REPUBLIKA.CO.ID, DENPASAR -- Megibung adalah kegiatan makan bersama di dalam satu wadah yang dikenal di antara masyarakat Bali dan Lombok Barat. Tradisi ini bukan hanya populer di kalangan umat Hindu, namun juga Muslim.
Megibung berasal dari kata ‘gibung’ yang berarti kegiatan dilakukan banyak orang untuk saling berbagi, yaitu duduk bersama untuk makan sembari berdiskusi. Tradisi ini awalnya diperkenalkan Raja Karangasem, I Gusti Agung Anglurah Ketut Karangasem sekitar 1614 Caka atau 1692 Masehi. Saat itu Kerajaan Karangasem memenangkan perang melawan Kerajaan Sasak di Lombok.
Megibung kini bukan saja dilakukan untuk upacara adat, namun juga acara selamatan, menyambut tahun baru, Maulid Nabi Muhammad SAW, atau menyambut Ramadhan.

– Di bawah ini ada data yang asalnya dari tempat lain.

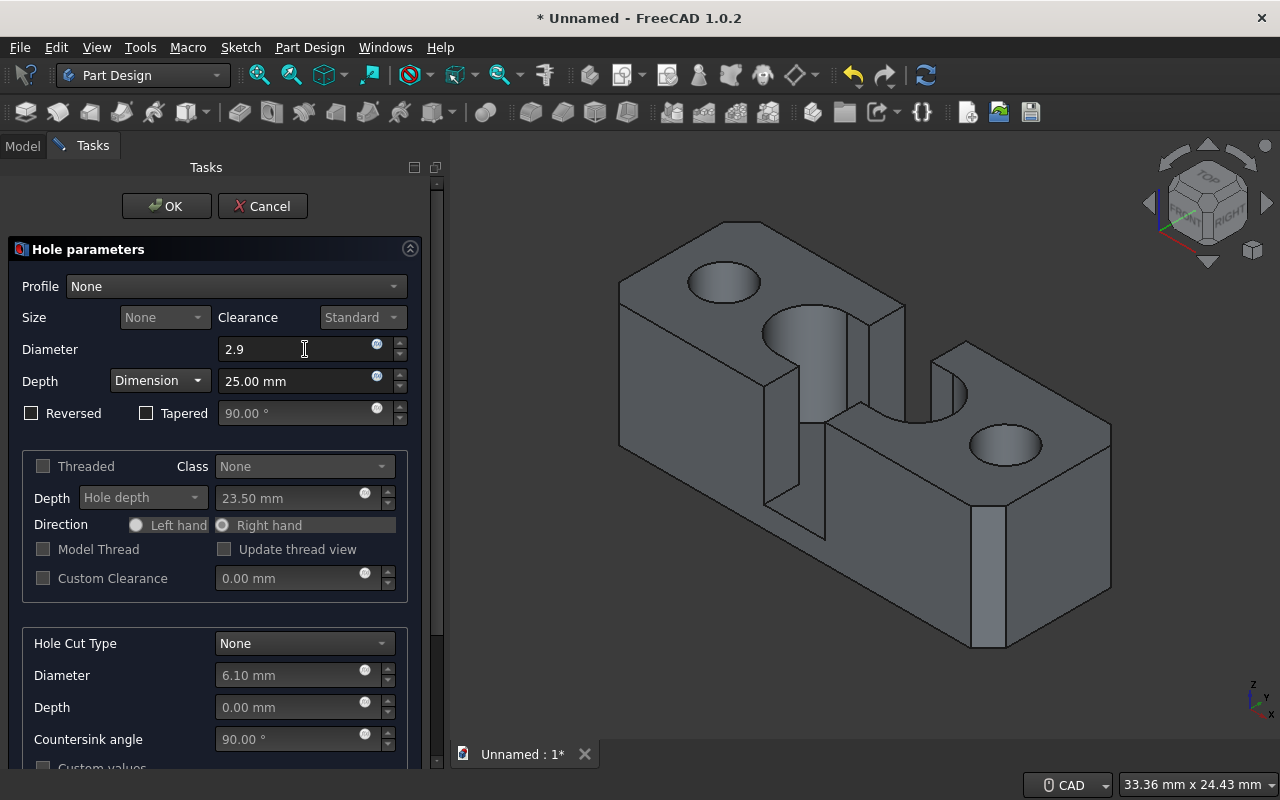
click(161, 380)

Muslim di Denpasar menyambut Ramadhan tahun ini juga menggelar acara megibung di rumah saudara atau kerabat.
Penyajiannya kini bukan lagi menggunakan wadah besar dari tanah liat yang dilapisi daun pisang. Namun, diganti dengan nampan bambu berbentuk bulat beralaskan daun pisang atau daun pisang yang langsung ditata memanjang di dalam rumah.
Widia (30 tahun), Muslim kelahiran Denpasar yang sudah tinggal di Bali sejak kecil menggelar acara megibung di rumahnya di kawasan Gatot Subroto Barat, Denpasar. "Makan bersama seperti ini selalu kami adakan menjelang puasa," katanya kepada Republika, Jumat (26/5).
Menu lauk pauk yang disajikan, antara lain ayam bakar, sate lilit khas Bali, ikan asin, nasi putih, sambal terasi, lengkap dengan sayur, tahu, dan tempenya. Nasi putih juga bisa diganti dengan nasi liwet yang tentunya semakin lezat di lidah.
Megibung penuh dengan nilai kebersamaan. Semua orang duduk sama rata, tanpa memandang kasta, dan jenis kelamin. Komunitas Muslim di Karangasem, seperti Kecicang, Saren Jawa, dan Tohpati juga melestarikan megibung sampai hari ini. Teman atau kerabat yang berbeda agama juga boleh makan bersama dan ikut merasakan suasana menyambut puasa atau kegiatan bernapaskan Islam lainnya.